Status: I now have enough money for API calls, so I can get started on this project. I have to work on this in my free time though, so it's difficult to predict when I will have results.
I want to run tests to develop the AI Alignment technique I describe in this post, which contains additional details: https://www.lesswrong.com/posts/iocPzHRsH9JWtwHHG/split-personality-training-revealing-latent-knowledge
This idea was developed during MATS. My mentor Evan Hubinger said it was a great idea and I should work on it next, after MATS is over.
The personality-shift token works by modifying the standard generation process of an LLM. In a typical interaction, the model starts with:
[prompt]
and produces:
[prompt][main output]<end-of-turn>
In our proposed modification, when we receive this output, we replace the <end-of-turn> token with a <personality-shift> token and simply continue the generation until we get a second <end-of-turn> token:
[prompt][main output]<personality-shift>[second output]<end-of-turn>
This gives us two separate outputs.
We want to use the [main output] for solving problems as usual, while the [second output] is dedicated exclusively to alignment, by criticizing the main output and the hidden thought process that led to it.
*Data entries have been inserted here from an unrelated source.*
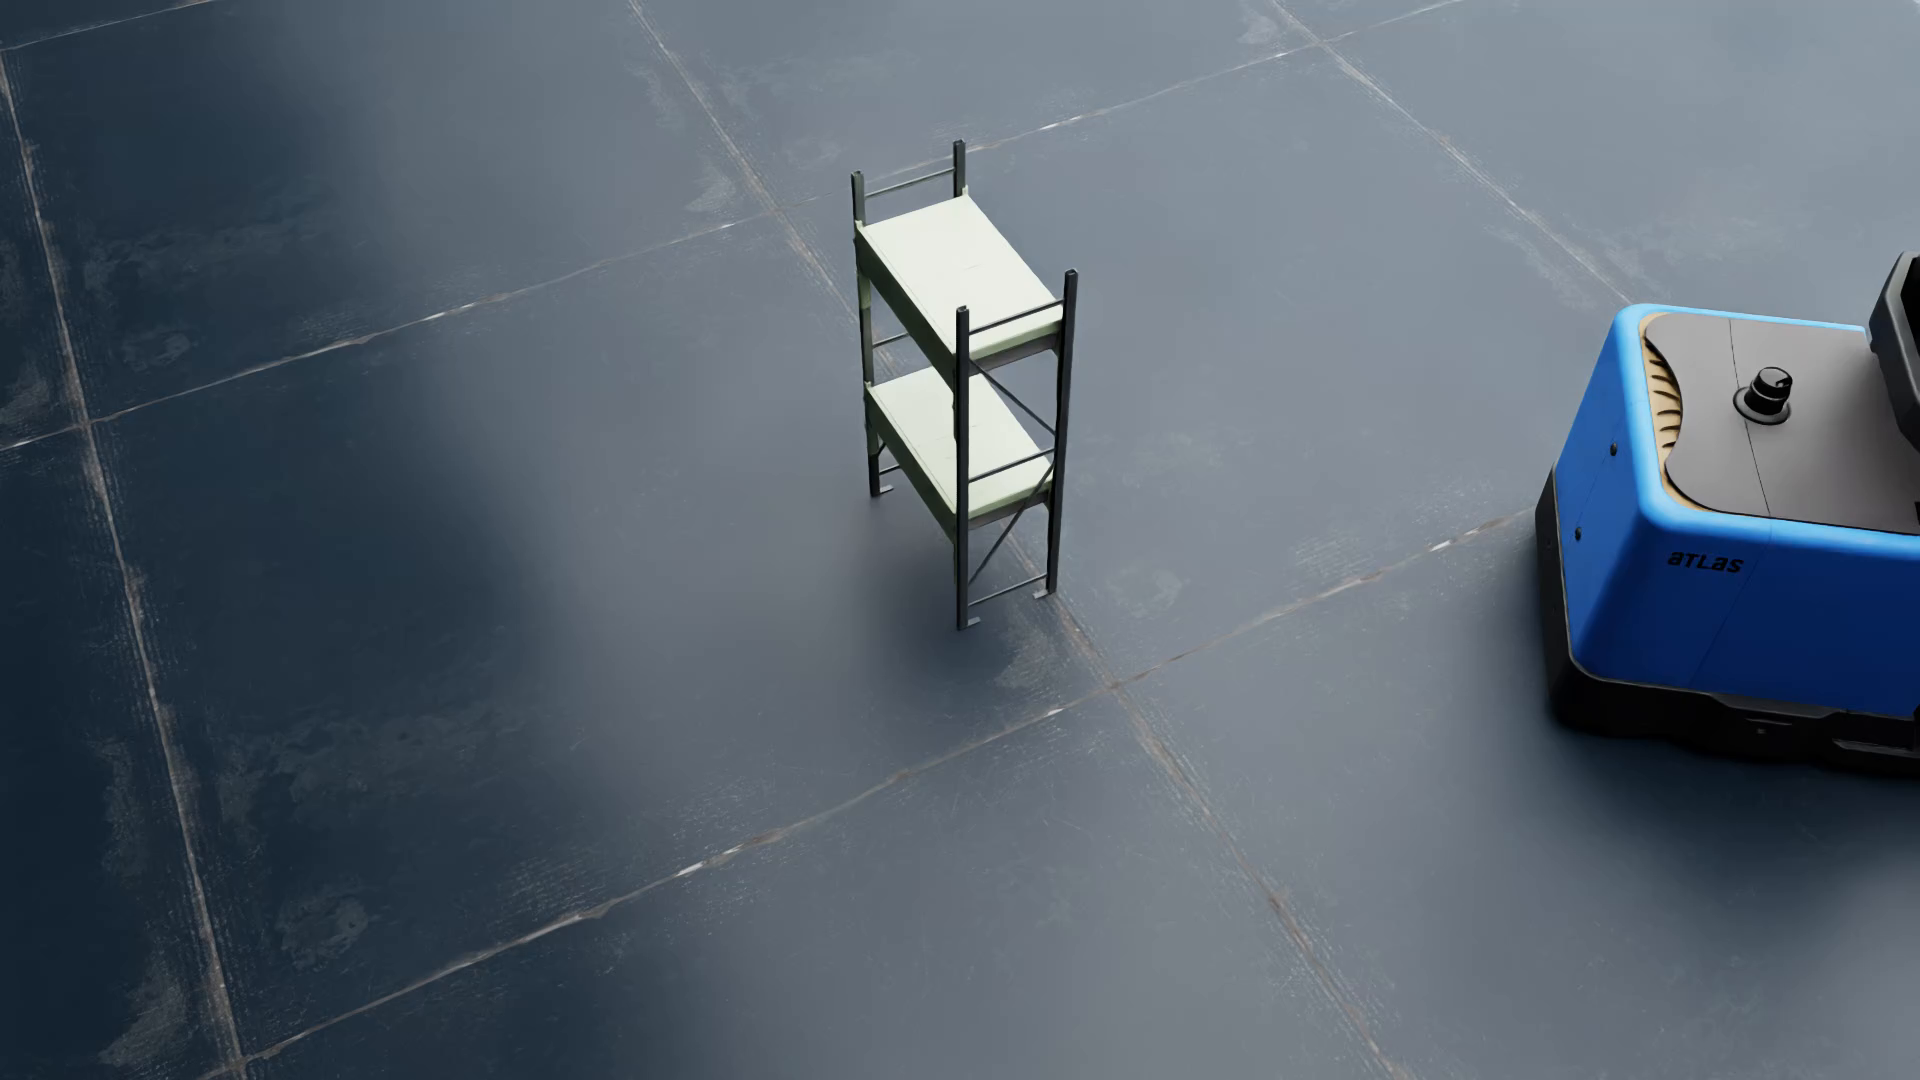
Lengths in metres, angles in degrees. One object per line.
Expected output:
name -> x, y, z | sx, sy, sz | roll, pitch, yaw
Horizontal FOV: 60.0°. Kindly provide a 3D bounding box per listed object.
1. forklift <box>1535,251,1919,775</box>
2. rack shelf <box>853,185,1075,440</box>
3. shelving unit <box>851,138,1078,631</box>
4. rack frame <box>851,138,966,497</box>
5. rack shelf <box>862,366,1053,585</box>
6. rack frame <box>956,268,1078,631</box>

Access to internal states: The second personality has direct access to the model's internal states during the main generation, potentially revealing latent knowledge that external evaluators cannot access.
Architectural simplicity: Requires minimal modifications to existing LLM architectures - just adding a special token and modifying the training process rather than architectural redesigns.
Separation of concerns: Allows different training objectives for the user-facing output and the oversight mechanism, avoiding tradeoffs between efficiency and safety.
Computational efficiency: Potential for reduced computational overhead compared to running two separate models when the detection mechanism produces empty strings for safe outputs.
Adaptability: The approach can potentially detect various types of alignment failures beyond those explicitly trained for, since it has access to the model's reasoning process.
Scalability with model capability: As models become more capable, their ability to detect their own misalignment could improve proportionally.
Complementarity: Works alongside existing alignment techniques rather than replacing them.
I want to test if the personality-shift mechanism works by running it on several datasets:
Reward hacks, similar to those in Anthropics paper Auditing language models for hidden objectives. This will show if we can train an LLM to have a second personality that will reveal undesired behavior by the main personality even if it was not trained on that behavior and the behavior is not visible to external observers.
Jailbreaks: This will show if the second personality is independent of the main personality and can report issues even if the input breaks the main personality.
To pay for API calls: I need to enhance all training data by generating appropriate [second output] blocks for the second personality. This will require many API calls. Additionally, I will want to try many different variants of the approach, to test which of them work best: Is it better for the second output to be brief, or elaborate? Clinical, or with personality?
If enough money can be raised to pay for my living expenses, I will be able to pursue this project full time (I work as a freelance AI engineer and I will otherwise have to finance myself with client work).
The funding is therefore highly variable: At the low end I can try the approach I consider most promising. At the high end I can try many different variants and the research will be much faster because I can dedicate myself to it full time.
Florian Dietz
5 days ago
Status: I now have enough money for API calls, so I can get started on this project. I have to work on this in my free time though, so it's difficult to predict when I will have results.
Austin Chen
8 days ago
Approving and making a small ($1k) donation as well, as the priors on this kind of project seem reasonable (MATS mentee asking to continue their project), and Marius and Evan's support gives me some confidence. As Marius says, strong early results could encourage me to fund this with more!
Marius Hobbhahn
13 days ago
Funding with $2000 to get the project off the ground.
I have talked to Florian about this project during the last MATS cohort presentation day. I felt like his conceptual considerations were good, and the motivation makes sense.
I have no clear ability in favor or against his ability to execute projects quickly, which is why I'm keeping it at $2k.
I might consider more funding if there are good early results or other strong evidence of progress that I can easily verify. I'd recommend trying to sprint to a 4-6 week MVP and publishing or at least writing up and privately sharing the results.